YOUR TASK: Within the data beneath, some lines may hold the word "query". Give the number of those lines and nothing else.

MATERIAL SUPPLIED:

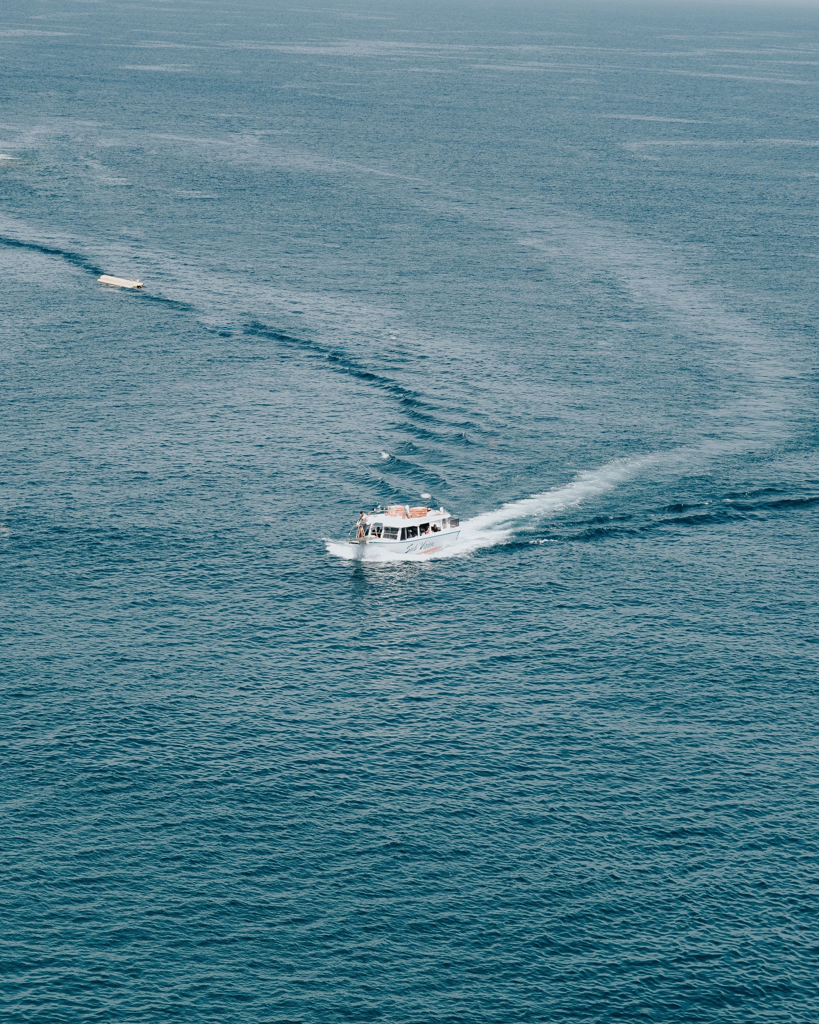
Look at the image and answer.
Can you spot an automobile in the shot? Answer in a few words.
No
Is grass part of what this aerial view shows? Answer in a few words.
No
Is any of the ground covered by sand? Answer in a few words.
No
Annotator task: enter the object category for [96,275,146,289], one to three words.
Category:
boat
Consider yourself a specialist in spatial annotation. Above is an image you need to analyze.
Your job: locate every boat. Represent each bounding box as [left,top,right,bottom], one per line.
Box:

==

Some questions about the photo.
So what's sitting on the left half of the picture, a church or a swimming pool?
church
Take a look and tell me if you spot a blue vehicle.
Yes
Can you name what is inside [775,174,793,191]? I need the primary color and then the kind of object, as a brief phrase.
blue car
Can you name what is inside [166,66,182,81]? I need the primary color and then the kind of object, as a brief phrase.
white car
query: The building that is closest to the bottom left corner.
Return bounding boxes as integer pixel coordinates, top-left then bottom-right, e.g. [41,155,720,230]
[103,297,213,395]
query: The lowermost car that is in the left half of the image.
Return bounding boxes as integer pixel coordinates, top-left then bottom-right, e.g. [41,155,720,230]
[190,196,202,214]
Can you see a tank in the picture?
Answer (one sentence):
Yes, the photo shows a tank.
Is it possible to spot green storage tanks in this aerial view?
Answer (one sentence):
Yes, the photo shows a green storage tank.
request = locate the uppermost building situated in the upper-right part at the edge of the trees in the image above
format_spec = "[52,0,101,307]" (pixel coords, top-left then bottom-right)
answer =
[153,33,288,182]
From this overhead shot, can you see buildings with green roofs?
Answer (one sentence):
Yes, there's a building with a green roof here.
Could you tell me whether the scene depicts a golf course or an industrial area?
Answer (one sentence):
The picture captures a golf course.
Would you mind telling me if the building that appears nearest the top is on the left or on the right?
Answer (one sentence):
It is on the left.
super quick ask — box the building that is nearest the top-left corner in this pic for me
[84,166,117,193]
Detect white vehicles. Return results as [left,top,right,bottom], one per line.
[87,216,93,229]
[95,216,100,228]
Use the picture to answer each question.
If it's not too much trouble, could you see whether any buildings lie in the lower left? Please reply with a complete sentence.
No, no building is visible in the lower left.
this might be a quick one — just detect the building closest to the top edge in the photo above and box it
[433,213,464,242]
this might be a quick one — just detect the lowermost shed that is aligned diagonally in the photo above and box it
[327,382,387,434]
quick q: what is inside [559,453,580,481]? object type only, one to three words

YOUR RESPONSE: 2